13

Tuesday,

December 8

On the Lukuga River, Congo

People’s Paradise of Africa

The bodies in the river were becoming more numerous; they’d passed three of them in just the last hour, and one of the floating corpses was that of a child. Wally had stared at the bloated form, at the distorted face, trying to see if it might be Lucien. Jerusha could feel his silent anguish, and she could do nothing more than put a hand on his shoulder. “It’s not him, Wally. It’s not.”

The worry and fear on his face was a torment to her. She found tears gathering in her own eyes as she saw the anguish in Wally’s face. She hugged him, wishing there were something she could say that would comfort him, wanting to be able to reassure him that it would be all right in the end.

But she didn’t believe that. She couldn’t believe that. They needed help; they needed it quickly. If the babbling of the frightened child soldier they’d captured was even halfway true, then the Committee had to know. Now.

Jerusha hardly believed it herself: a prison where hundreds of children had been injected with the wild card virus, where hundreds more had already died in order to produce two or three aces for the PPA. The thought sickened and infuriated her. She wanted to see the place razed and burned, wanted to see the Nshombos and Tom Weathers tried and executed for what they were doing here. And Wally…

Poor Wally. She didn’t know what to say to him. He glared downriver as if his gaze alone could drive them toward Nyunzu and his precious Lucien. All she could do was stay close to him, to stroke his shoulders, to whisper in-effective comforts that yes, they would still find Lucien alive. They would…

Their satellite phone was useless, and her cell didn’t work-no bars, no service-and the battery was nearly dead to boot. Jerusha sighed and thrust the phone back into one of the pockets of her cargo pants. Squinting into the sunlight, she could see a village set in the hollow of the next bend.

Wally crowded into the tiny cabin of the craft as they passed the village, and Jerusha avoided looking at the people staring as they motored past, facing forward as if confident and unworried about their presence on the river.

As soon as the bend put the village out of sight, she extended a hand to help Wally clamber out again. “Put us in here, Wally,” Jerusha said. “We really need to find a way to tell Lohengrin what’s going on down here. Maybe there’s a landline in that village I can use.”

Wally’s face stiffened. “That’s too dangerous.”

The roiling in her stomach agreed with him. “I don’t see another choice. Some of these people may not like the Nshombos any more than we do; they’re scared, but they might be willing to let me make a phone call.”

“And what if there’s a PPA fella there? It would only take one of them.”

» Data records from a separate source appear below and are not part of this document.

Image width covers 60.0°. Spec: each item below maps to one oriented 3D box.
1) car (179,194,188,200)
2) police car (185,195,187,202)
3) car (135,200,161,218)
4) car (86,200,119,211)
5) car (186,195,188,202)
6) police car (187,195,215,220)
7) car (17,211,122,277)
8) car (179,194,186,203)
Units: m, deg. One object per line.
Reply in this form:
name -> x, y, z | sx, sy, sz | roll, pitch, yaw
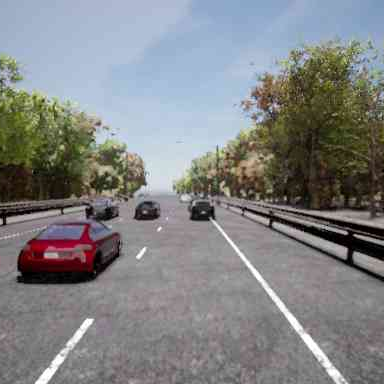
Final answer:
car -> -1.999, 1.113, 78.117 | 1.812, 1.442, 4.674 | 0, 0, -3
police car -> 0.428, 1.236, 43.137 | 1.930, 1.638, 5.238 | 0, 0, -2
car -> -3.677, 1.387, 28.021 | 1.812, 1.442, 4.674 | 0, 0, -1
car -> -7.158, 1.358, 26.907 | 2.128, 1.511, 4.902 | 0, 0, -1
car -> 0.591, 1.307, 36.990 | 1.882, 1.535, 5.008 | 0, 0, -1
police car -> 0.802, 1.290, 27.037 | 1.930, 1.638, 5.238 | 0, 0, -1
car -> -3.447, 1.509, 10.122 | 1.994, 1.385, 4.181 | 0, 0, 0
car -> -1.243, 1.296, 61.717 | 1.812, 1.442, 4.674 | 0, 0, -2
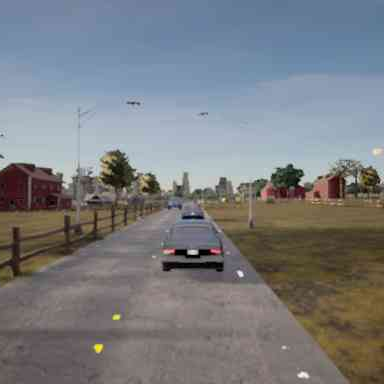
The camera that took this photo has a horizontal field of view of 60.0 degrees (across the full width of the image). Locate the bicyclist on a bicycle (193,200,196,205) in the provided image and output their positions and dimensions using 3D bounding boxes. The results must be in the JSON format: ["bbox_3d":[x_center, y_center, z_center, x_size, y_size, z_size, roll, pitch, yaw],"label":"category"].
[{"bbox_3d":[0.770,2.677,82.042,0.582,1.620,1.656,0,-2,0],"label":"bicyclist on a bicycle"}]

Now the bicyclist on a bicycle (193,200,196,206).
[{"bbox_3d":[0.767,2.880,91.039,0.866,1.612,1.509,0,-1,0],"label":"bicyclist on a bicycle"}]

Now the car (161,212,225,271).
[{"bbox_3d":[0.044,1.624,11.095,2.033,1.411,5.357,0,0,1],"label":"car"}]

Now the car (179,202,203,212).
[{"bbox_3d":[0.077,1.847,30.584,1.994,1.385,4.181,0,-1,0],"label":"car"}]

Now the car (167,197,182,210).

She’d been thinking the same, but she tried to shrug as nonchalantly as she could. “It’s a chance we gotta take. I’m not sure we can do this alone, Wally. There’s something awful going on here, something big-something Lucien looks to be caught up in.”

Wally vented a breath through his nostrils. The boat puttered toward the bank and Jerusha cut the engine; Wally jumped out, knee-deep in the water, to drag the boat out of the river into the cover of leaves.

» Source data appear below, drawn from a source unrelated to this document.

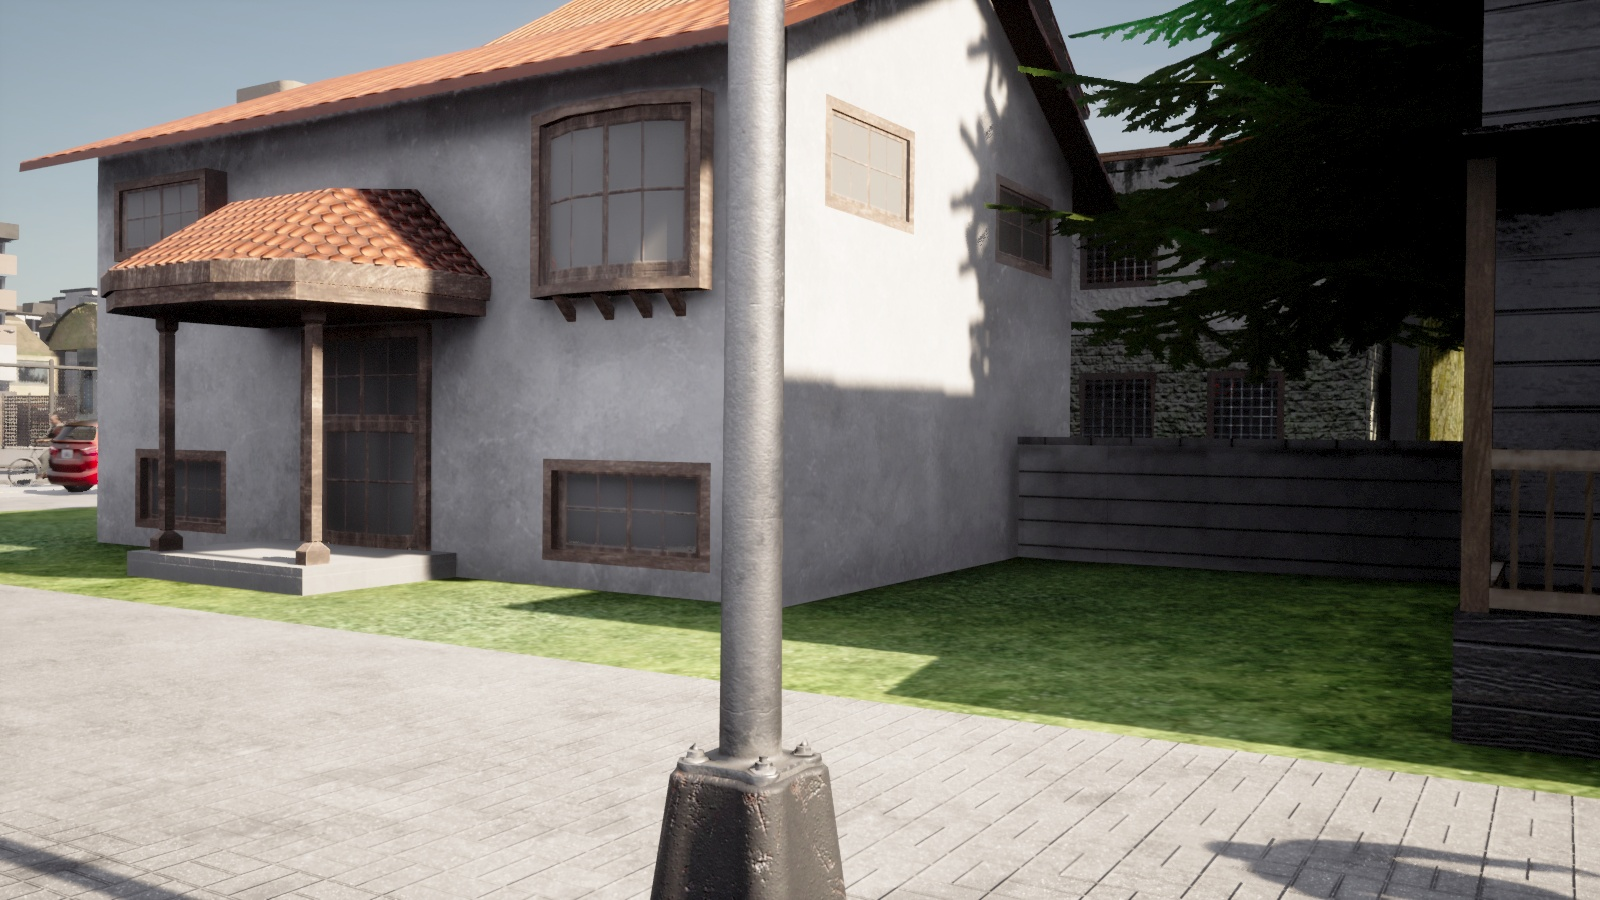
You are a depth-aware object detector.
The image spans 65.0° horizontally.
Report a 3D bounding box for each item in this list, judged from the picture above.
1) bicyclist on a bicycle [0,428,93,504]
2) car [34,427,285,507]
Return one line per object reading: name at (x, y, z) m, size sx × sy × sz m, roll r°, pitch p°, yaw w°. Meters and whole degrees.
bicyclist on a bicycle at (-18.193, 0.353, 30.313) m, size 0.659 × 1.776 × 1.843 m, roll 0°, pitch 1°, yaw 32°
car at (-14.508, 0.316, 28.719) m, size 2.242 × 1.667 × 4.611 m, roll 0°, pitch 1°, yaw 31°
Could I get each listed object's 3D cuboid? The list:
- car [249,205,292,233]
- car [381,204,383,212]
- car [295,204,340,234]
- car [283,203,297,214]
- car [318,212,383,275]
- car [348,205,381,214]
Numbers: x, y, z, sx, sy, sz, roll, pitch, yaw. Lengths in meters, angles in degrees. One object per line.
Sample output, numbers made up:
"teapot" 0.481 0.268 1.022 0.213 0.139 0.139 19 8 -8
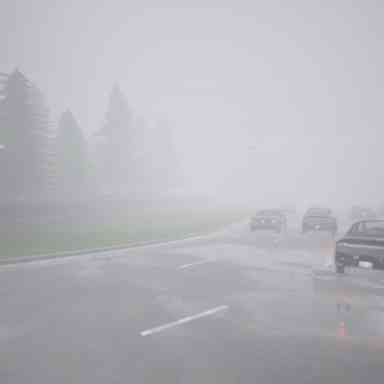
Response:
"car" 5.077 1.804 21.859 2.033 1.411 5.357 -1 -1 21
"car" 20.647 1.765 34.302 1.882 1.535 5.008 -1 -1 20
"car" 7.804 1.702 20.202 2.128 1.511 4.902 -1 -1 24
"car" 11.964 2.022 41.213 1.994 1.385 4.181 -1 -1 20
"car" 5.796 1.582 10.076 2.128 1.511 4.902 -1 -1 39
"car" 15.550 1.845 30.507 1.994 1.385 4.181 -1 -1 20
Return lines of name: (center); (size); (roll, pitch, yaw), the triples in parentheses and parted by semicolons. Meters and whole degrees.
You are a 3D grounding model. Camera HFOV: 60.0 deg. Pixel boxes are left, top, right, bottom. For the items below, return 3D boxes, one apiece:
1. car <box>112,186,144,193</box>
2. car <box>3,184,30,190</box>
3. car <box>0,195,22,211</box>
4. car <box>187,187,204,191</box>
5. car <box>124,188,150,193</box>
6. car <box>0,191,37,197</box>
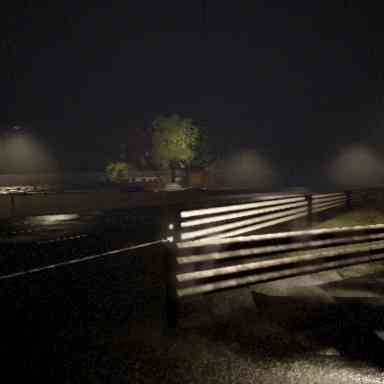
car: (-8.898, 0.179, 46.789); (2.150, 2.045, 5.566); (0, 1, 34)
car: (-29.279, -0.465, 55.289); (1.882, 1.535, 5.008); (-1, 3, 13)
car: (-17.297, 0.993, 28.186); (1.895, 1.301, 4.718); (0, 1, 34)
car: (0.177, 0.164, 47.649); (2.097, 1.767, 4.553); (0, 1, 35)
car: (-6.483, 0.530, 44.120); (1.994, 1.385, 4.181); (0, 1, 34)
car: (-13.946, 0.892, 26.889); (1.812, 1.442, 4.674); (0, 1, 34)

Jerusha gave him another hug. “Be right back,” she said.

“I’m going with you.”

She shook her head. “I’m black, remember?” she said with a brief flash of a smile. “Wally, it’s one thing if a woman who looks mostly like them shows up in the village. I’m not visibly an ace and not visibly threatening. It’s another thing entirely if a big guy made out of iron is with me. Then they’d know we’re up to something.” She slid a hand along his arm. She could feel the rust spots, like patches of dry, scaly skin. “Stay here-hey, use those S.O. S pads you brought along.”

“I don’t like it.”

“I don’t either,” she admitted. “I’ll tell you what: if you hear me yell, you come running, okay?”

A grimace. “Okay.”

She hugged him once more, then headed back upriver along the bank, pushing through the thick vegetation toward the settlement as stealthily as she could. If anything looked wrong with the village, she promised herself, she would head immediately back to Wally and the boat.

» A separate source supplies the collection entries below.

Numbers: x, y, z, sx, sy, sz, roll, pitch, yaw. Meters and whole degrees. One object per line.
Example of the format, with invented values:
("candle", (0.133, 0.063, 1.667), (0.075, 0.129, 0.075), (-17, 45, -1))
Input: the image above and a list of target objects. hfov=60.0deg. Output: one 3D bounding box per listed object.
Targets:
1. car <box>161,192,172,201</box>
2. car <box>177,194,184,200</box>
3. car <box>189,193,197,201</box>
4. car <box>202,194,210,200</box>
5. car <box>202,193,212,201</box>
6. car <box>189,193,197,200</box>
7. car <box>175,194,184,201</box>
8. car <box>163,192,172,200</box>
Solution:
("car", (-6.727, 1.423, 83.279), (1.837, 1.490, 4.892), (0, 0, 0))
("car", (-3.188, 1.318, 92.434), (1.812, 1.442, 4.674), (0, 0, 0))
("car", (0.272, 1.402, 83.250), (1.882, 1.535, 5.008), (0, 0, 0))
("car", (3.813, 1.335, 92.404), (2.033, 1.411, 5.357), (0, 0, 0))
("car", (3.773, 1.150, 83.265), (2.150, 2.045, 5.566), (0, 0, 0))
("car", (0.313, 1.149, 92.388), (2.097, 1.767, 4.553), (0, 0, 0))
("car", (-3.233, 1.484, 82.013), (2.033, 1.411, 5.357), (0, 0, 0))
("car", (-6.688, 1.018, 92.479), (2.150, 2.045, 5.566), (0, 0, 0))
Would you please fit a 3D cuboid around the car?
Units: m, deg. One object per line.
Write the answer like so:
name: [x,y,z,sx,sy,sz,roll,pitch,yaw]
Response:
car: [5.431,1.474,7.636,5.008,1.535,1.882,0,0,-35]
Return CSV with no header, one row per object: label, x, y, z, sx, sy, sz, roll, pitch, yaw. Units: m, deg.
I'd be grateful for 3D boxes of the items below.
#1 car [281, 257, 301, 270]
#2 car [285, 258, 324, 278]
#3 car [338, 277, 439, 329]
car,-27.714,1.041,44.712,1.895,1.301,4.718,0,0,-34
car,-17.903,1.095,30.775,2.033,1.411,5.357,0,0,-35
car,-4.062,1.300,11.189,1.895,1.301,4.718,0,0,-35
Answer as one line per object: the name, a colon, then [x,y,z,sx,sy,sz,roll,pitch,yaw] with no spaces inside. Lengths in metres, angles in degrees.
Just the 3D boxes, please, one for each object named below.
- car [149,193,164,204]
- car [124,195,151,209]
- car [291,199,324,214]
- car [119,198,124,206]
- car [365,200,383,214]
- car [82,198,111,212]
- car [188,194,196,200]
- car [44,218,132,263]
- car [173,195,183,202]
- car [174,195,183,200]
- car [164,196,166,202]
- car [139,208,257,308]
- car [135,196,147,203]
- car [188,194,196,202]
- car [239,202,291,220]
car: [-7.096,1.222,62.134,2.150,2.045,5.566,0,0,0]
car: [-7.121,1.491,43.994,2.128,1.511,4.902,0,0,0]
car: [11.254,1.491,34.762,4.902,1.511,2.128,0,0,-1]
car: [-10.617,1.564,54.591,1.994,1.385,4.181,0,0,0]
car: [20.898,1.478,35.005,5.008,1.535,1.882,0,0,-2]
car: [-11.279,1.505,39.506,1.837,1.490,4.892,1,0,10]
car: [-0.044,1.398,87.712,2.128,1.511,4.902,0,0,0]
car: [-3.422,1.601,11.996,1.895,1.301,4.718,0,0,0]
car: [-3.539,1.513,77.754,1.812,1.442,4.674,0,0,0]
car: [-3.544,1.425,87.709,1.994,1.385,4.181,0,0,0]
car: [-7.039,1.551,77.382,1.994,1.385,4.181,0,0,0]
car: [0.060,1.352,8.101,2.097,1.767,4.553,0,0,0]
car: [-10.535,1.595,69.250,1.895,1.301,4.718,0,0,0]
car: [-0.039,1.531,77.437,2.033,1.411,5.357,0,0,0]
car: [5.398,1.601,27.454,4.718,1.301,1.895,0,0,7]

As she approached, she could see through the fronds and leaves a cultivated field between her and the village: corn, soybeans, and other crops rising straggling from the poor jungle earth. A woman worked the field, walking along the rows with a cloth sack from which protruded a few corn husks. The woman was only a dozen feet away. Jerusha parted the leaves at the edge of the field and called out softly to the woman in French. “Bonjour.”

The woman glanced up, startled, and backed up a few steps. “No,” Jerusha called out, showing her hands. “I’m not going to hurt you. I need a telephone. A landline. Do you have one here?”

The woman glanced over her shoulder, and Jerusha looked in the same direction. A man was standing at the end of the small field nearest the village. He had a semiautomatic weapon of some sort strapped around him, though he was looking out toward the river, not toward Jerusha.

“No,” the woman answered in heavily accented French, quickly and softly. Her eyes were wide and frightened. “You should go. There’s nothing here. Nothing.”

“I have to make a call,” Jerusha persisted. “It’s urgent. Please. If there’s any way…”

“There’s no phone here. What the rebels didn’t destroy, the Leopard Men smashed. No phone. No electricity. Not for months.” She gestured. “Go! You can’t be here!”

The armed man called out to the women, though not in French-he was looking their way. Jerusha slid back toward the brush but it was already too late. He began to run toward them, bringing up the blackened muzzle of his weapon. Jerusha plunged a hand into her seed belt as the man shouted again, words that Jerusha couldn’t understand. The woman screamed and flung herself to the ground.

Something dark and heavy slammed into Jerusha from behind and she went down just as the weapon loosed its deadly staccato clamor. She heard the bullets whining away, tearing harmlessly into the leaves, and ricocheting off iron. Wally was standing in front of her.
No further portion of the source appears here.